Concerning the interpretation of the various agreements, the jury found that under the Bonus Agreement's formula for calculating Carbona's share of the sale proceeds, Carbona and the companies did not agree "to exclude intercompany payables owed to Humanetics, II, if any, from the total amount of corporate liabilities to be deducted from the total amount of corporate assets of CH Medical, Inc. and its subsidiaries in calculating Carbona's 25% share of the sale proceeds."

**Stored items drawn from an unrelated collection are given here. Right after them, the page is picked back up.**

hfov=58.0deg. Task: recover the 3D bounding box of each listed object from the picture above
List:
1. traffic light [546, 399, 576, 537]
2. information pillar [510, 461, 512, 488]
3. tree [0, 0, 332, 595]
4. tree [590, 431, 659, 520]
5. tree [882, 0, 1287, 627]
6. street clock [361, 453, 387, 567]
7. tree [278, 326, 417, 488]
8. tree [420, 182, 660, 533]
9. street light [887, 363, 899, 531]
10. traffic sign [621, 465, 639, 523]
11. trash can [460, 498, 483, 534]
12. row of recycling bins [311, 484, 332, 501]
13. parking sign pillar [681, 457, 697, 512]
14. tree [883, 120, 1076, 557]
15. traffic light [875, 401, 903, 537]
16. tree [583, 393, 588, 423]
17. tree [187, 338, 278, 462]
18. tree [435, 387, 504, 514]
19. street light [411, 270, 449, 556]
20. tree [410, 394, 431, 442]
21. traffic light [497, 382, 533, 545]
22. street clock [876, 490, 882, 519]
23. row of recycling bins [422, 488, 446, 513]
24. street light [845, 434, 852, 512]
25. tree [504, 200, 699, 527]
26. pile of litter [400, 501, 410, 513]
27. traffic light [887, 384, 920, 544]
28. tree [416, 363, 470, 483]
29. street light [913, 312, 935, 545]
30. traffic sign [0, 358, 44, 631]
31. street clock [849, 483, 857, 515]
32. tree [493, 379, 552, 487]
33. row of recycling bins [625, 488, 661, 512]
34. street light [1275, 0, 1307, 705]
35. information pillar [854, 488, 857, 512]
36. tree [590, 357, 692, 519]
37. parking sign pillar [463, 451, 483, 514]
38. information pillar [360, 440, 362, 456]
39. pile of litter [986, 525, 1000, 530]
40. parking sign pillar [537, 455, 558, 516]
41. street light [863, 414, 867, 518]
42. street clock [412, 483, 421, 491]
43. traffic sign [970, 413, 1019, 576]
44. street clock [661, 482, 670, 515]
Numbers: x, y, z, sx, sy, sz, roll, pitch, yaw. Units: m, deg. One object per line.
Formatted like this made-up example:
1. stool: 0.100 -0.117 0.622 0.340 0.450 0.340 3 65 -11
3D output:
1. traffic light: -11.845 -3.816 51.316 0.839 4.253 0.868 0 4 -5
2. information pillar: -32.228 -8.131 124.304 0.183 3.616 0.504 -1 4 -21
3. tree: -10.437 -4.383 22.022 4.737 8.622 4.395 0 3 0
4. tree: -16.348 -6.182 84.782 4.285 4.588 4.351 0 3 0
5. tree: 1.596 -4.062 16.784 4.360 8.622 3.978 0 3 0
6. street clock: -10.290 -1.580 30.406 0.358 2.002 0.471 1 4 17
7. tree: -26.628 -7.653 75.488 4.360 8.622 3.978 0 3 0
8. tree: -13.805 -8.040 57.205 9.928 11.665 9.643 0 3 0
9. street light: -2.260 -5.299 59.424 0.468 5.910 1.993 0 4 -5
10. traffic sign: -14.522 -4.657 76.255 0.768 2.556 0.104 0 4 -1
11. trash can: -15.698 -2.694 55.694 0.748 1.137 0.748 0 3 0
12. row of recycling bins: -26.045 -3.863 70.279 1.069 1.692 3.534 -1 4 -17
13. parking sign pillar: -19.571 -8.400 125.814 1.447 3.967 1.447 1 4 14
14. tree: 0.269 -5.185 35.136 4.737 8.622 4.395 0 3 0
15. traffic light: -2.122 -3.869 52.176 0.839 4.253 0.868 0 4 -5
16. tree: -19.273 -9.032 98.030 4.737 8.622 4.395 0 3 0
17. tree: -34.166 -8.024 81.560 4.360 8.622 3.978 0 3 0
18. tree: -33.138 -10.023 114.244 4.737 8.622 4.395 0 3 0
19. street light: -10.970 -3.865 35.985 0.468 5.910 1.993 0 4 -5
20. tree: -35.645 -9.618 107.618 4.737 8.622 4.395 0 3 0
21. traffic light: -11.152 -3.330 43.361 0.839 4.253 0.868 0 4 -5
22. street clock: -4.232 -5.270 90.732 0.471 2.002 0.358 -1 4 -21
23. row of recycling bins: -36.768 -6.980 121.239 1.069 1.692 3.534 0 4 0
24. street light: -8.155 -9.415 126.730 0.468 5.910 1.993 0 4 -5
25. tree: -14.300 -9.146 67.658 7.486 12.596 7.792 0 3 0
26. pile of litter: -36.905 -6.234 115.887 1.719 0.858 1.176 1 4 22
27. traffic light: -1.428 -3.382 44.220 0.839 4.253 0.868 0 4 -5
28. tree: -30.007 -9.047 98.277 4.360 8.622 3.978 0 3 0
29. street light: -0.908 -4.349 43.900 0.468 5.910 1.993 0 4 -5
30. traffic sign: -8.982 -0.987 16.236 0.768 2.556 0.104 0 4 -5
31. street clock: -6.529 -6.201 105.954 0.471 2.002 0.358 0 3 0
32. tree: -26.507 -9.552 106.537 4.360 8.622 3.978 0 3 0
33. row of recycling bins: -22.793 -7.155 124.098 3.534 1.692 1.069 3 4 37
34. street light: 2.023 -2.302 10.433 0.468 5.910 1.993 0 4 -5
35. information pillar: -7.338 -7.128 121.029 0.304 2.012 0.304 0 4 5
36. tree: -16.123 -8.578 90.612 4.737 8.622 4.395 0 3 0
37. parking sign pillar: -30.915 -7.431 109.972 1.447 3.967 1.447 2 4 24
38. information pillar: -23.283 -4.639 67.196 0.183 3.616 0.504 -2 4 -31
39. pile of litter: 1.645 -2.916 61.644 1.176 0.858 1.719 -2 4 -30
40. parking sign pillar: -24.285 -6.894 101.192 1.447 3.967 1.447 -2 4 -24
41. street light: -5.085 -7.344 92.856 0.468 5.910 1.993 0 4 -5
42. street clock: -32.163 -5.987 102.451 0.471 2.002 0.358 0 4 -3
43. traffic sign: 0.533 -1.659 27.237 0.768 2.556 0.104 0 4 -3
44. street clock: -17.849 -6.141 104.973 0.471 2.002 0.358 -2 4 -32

On the companies' causes of action, the jury found Carbona breached the Bonus Agreement by not including the liability to Humanetics in the calculation of the At Closing Bonus. The jury also found he breached his fiduciary duty to the companies and committed fraud. The court submitted a single damages issue on breach of contract, breach of fiduciary duty, and fraud, and the jury determined Carbona received $1,427,000 in excess of his twenty-five percent share of the sale proceeds. The jury also found Carbona breached the Bonus Agreement by not paying his one-fourth share of the post-closing expenses, which the jury found amounted to $796,000. The trial court's judgment awarded the companies $2,223,000 for breach of contract, rendered a take-nothing judgment on the companies' fraud and breach-of-fiduciary-duty claims, and rendered a take-nothing judgment on Carbona's breach of contract claim. The court also awarded the companies their attorney's fees.

BREACH OF CONTRACT

In his first issue, Carbona asserts he did not breach the Bonus Agreement in his calculation of the At Closing bonus. The parties' dispute concerns the place of the $7,620,463 intercompany liability of CH Medical to Humanetics in the distribution of the sale proceeds.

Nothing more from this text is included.